The remainder of the 1953 season saw only two more double-figure scores for Witherden as he played in nine Kent matches. Two half-centuries at the start of the 1954 season showed more promise, but in 22 appearances for Kent he only made one other score of 50, scoring 72 against Essex at Blackheath. The following season he made only six appearances for the First XI, although he again scored well for the Second XI. In total he made 40 first-class appearances for Kent, scoring 1,380 runs and taking nine wickets.

After 1955 he left Kent and joined the minor county Norfolk, where he played as their professional for seven seasons, replacing Cecil Boswell. He was highly successful in his first five seasons, and was the leading run-scorer in the Minor Counties Championship in 1958, scoring 808 runs at a batting average of 44.88, in 1959 (1,031 runs at 79.30 with three centuries) and in 1960 (855 runs at 53.43). He was also one of the leading Minor Counties bowlers in 1956. His 1959 performance was the first time a Norfolk batsman had scored 1,000 runs in the Minor Counties Championship and remains one of only 13 times the feat has been achieved and is the eighth highest season's aggregate in the competition's history.

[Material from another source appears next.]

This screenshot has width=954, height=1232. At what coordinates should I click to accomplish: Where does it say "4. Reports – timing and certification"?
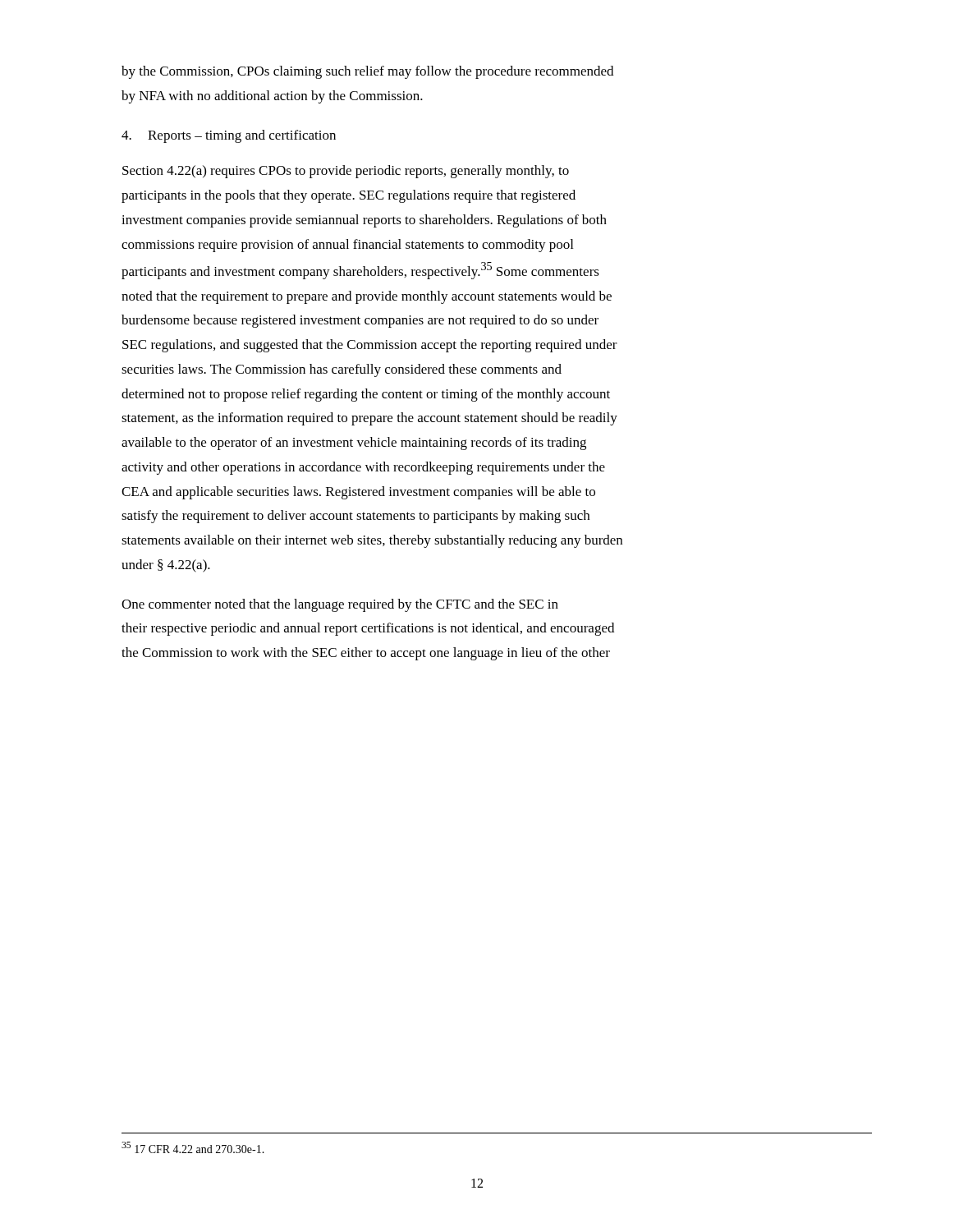(x=229, y=135)

In his seven seasons with Norfolk, Witherden played 76 Minor County matches, scoring 4,794 runs at an average of 45.65, with 13 centuries, and taking 104 wickets at 21.15. He was awarded a benefit season in 1961, but suffered an injury to his right hand. This required an operation in 1962, meaning that he missed half of Norfolk's matches.

==Family and later life==
Witherden was released by Norfolk with a year to run on his contract in order to take up the post of head groundsman at Bishop's Stortford College in 1963. He remained in the post until he retired in 1986 with his son, Nigel, following him to become a groundsman at the college. Witherden also coached the college cricket team and continued to play cricket for Bishop's Stortford Cricket Club. Nigel played briefly for Norfolk and two of Witherden's granddaughters have played Twenty20 cricket for the Hertfordshire Women cricket team.

Ted Witherden died at Stoke Mandeville in May 2019 at the age of 97. The main cricket field at Bishop's Stortford College was renamed the Witherden Field in December 2019, in honour of both Ted and Nigel.